Watch DVC rental listing prices dropping on numerous web sites as more and more weeks go unrented since so many fewer people will be vacationing this summer due to the economy. I hope your optimism rings true because I am trying to rent numerous weeks at various locations myself and would love to have a strong rental market this summer. I am afraid that the reality is that if you keep telling yourself that the rental prices will bring $400 or more a night, you will own a week that sits empty in 2009. Disney knows they have to drop their room prices, give away free tickets, advertise heavily, and work much harder than they have in the past to try and fill their rooms and resorts. DVC members have to face the same realities in this economy.


----------



## Carl D (Feb 19, 2009)

tombo said:


> When you rent a week from a DVC member you pay regular price for tickets, Disney includes them free. Big plus for disney.  You like to downgrade two "deluxe" resorts that many DVC members own. I am sure that Disney didn't sell them by telling buyers that they were buying resorts no one wanted to stay in.
> 
> You seem to think every DVC member can reserve and rent July 4th week. We all know that getting any June, July, or August week when school is out is hard to do, so to act like the week prior to the 4th of July is not a high demand week is ridiculous. With 12 months in a year simple math tells you that most DVC owners will not possibly be able to get a week in one of the 3 most popular months of the year. So yes June 20th to June 27 is very high demand.
> 
> ...


Okay... Let me explain about the tickets.. 
A one day ticket may be $70. A two day ticket may be $130. A four day may be $180. See the trend here? Once you get up to a seven day ticket, the daily average is much less than $70. (I'm not using actual prices.)

The $400/night room.. You may get a room for significantly less for the next few months during the sale. That said, do you really believe the same sale will be going on for the next 45 years? After the sale is over you will be back to much higher per night rates.

I'm not downgrading any resorts. I happen to value SSR and OKW very highly. That said, it is a factual statement that these two resorts do not fill up as fast as the others and therefore can be offered at a sale price.


----------



## spiceycat (Feb 19, 2009)

tombo said:


> When you rent a week from a DVC member you pay regular price for tickets, Disney includes them free. Big plus for disney.  You like to downgrade two "deluxe" resorts that many DVC members own. I am sure that Disney didn't sell them by telling buyers that they were buying resorts no one wanted to stay in.
> 
> You seem to think every DVC member can reserve and rent July 4th week. We all know that getting any June, July, or August week when school is out is hard to do, so to act like the week prior to the 4th of July is not a high demand week is ridiculous. With 12 months in a year simple math tells you that most DVC owners will not possibly be able to get a week in one of the 3 most popular months of the year.

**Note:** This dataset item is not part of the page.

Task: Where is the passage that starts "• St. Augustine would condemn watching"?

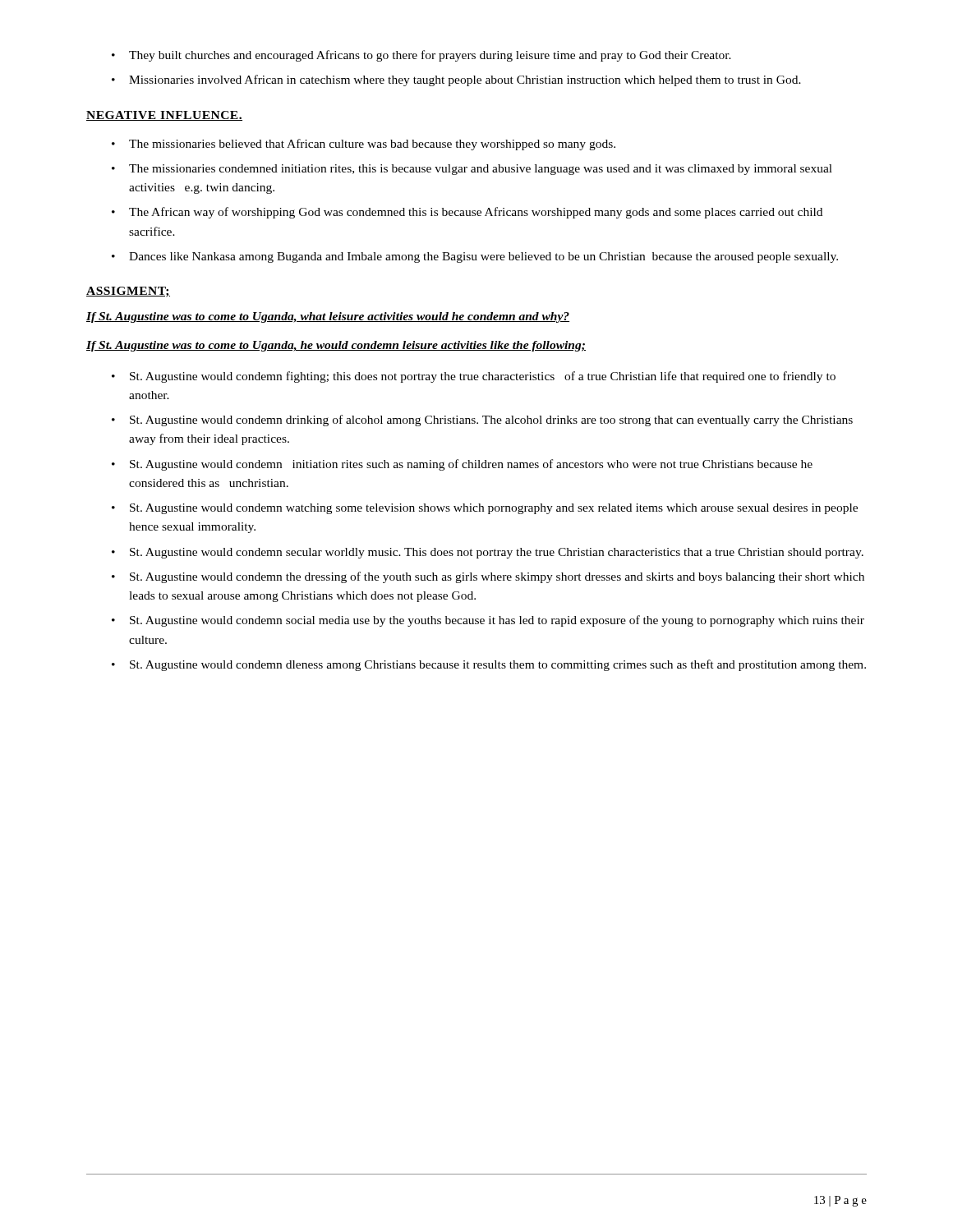Action: coord(489,517)
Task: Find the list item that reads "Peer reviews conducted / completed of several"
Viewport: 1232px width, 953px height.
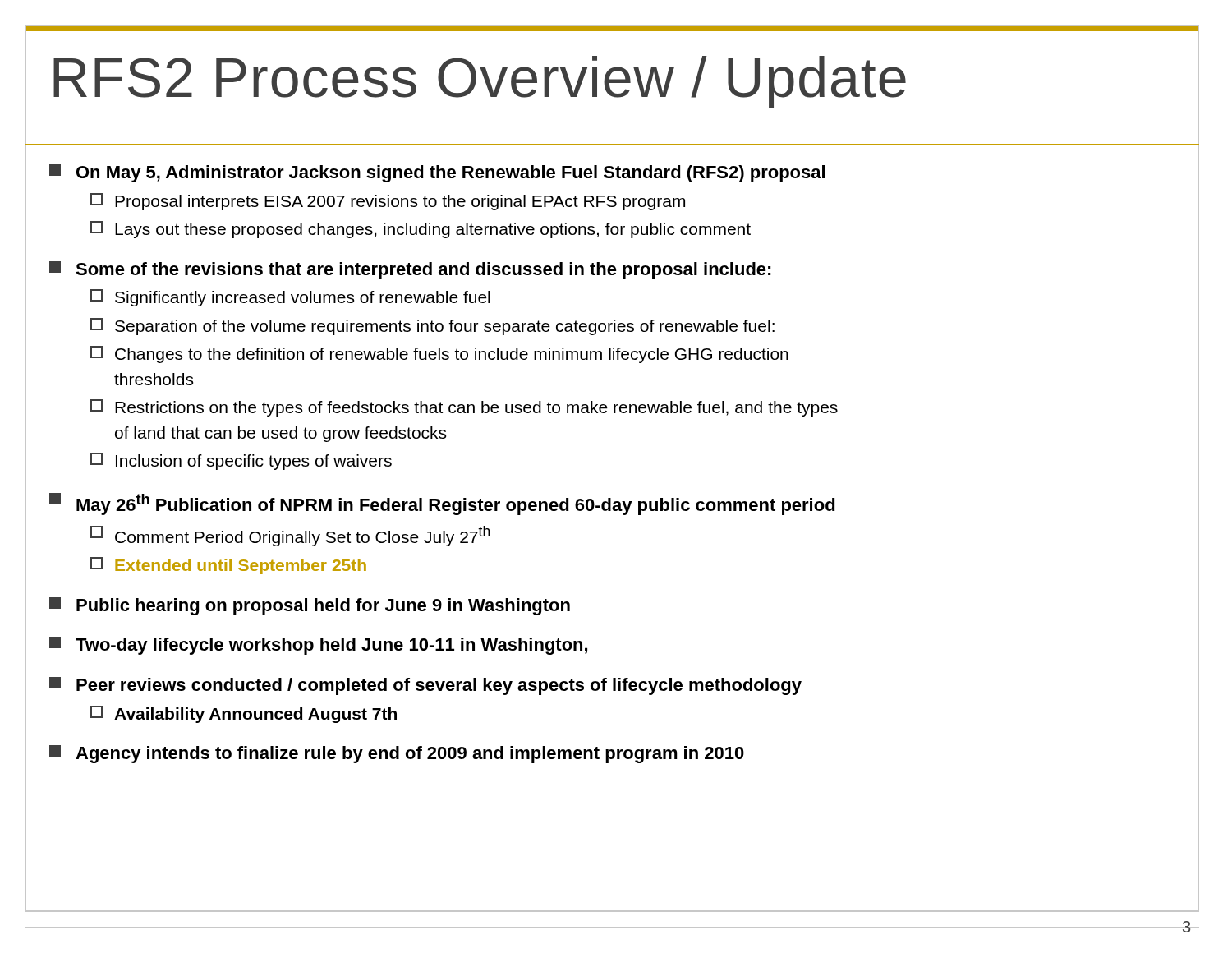Action: point(425,686)

So yes June 20th to June 27 is very high demand.




okay first - disney NEVER gives away free ticket with 4/3 - you pay for 4 days resort and tickets - then get the next 3 days free. First did this for Pop - then decided to buy at BLT (sold my OKW to do it) - so staying free (got DP) with DVC. Plus with Disney you need to stay the entire 7 days to get the great discount. Work really doesn't allow me (at the time they were offered) to do that. So got what and when I wanted without having to stay longer than I wanted.

Summer is not hard to get with DVC. Now spring weeks - Easter and Palm - definitely Christmas to NY - more Dec weeks, Thanksgiving - can be hard.

but summer no - you can definitely get it at 11 months time. now 7 months trading to another resort - that can be difficult (not hard). 

Disney is selling TH thru SSR - so don't expect DVC to give up on either OKW or SSR at this time.

now back in 1972 you could get the Polyn for $32 (I think) a night. Now that is a bargin. Disney has not had that type of bargins since they started to expand the parks.

members have access to a discount on annual passes - so if you go 20 times to the parks (some go more) - then it $18 per day. that is pretty good - my opinion.

summer is not even consider high demand by II for Orlando anymore - go look at their demand charts. Well most of the summer.


----------



## tombo (Feb 19, 2009)

spiceycat said:


> okay first - disney NEVER gives away free ticket with 4/3 - you pay for 4 days resort and tickets - then get the next 3 days free. First did this for Pop - then decided to buy at BLT (sold my OKW to do it) - so staying free (got DP) with DVC. Plus with Disney you need to stay the entire 7 days to get the great discount.
> 
> summer is not even consider high demand by II for Orlando anymore - go look at their demand charts. Well most of the summer.



Almost all DVC owners who rent for money, rent a whole week that they have booked. If you are comparing a Disney week with all of the freebies versus a DVC week with no freebies it is a valid comparison. Yes you have to stay 7 days , but most people do go to Orlando for 7 days or more. I am not going all the way to Orlando to stay less than 7 days personally because I have a full day travel time down and a full day back.

Summer is high demand according to II and peak usage in Orlando. Weeks 22-31 (the first week of June through August) are 10 of the top 20 highest demand weeks in the year. They might not be as popular as spring break, but they are more popular than all but 10 out of 52 weeks a year. A top 20 week is a high demand week.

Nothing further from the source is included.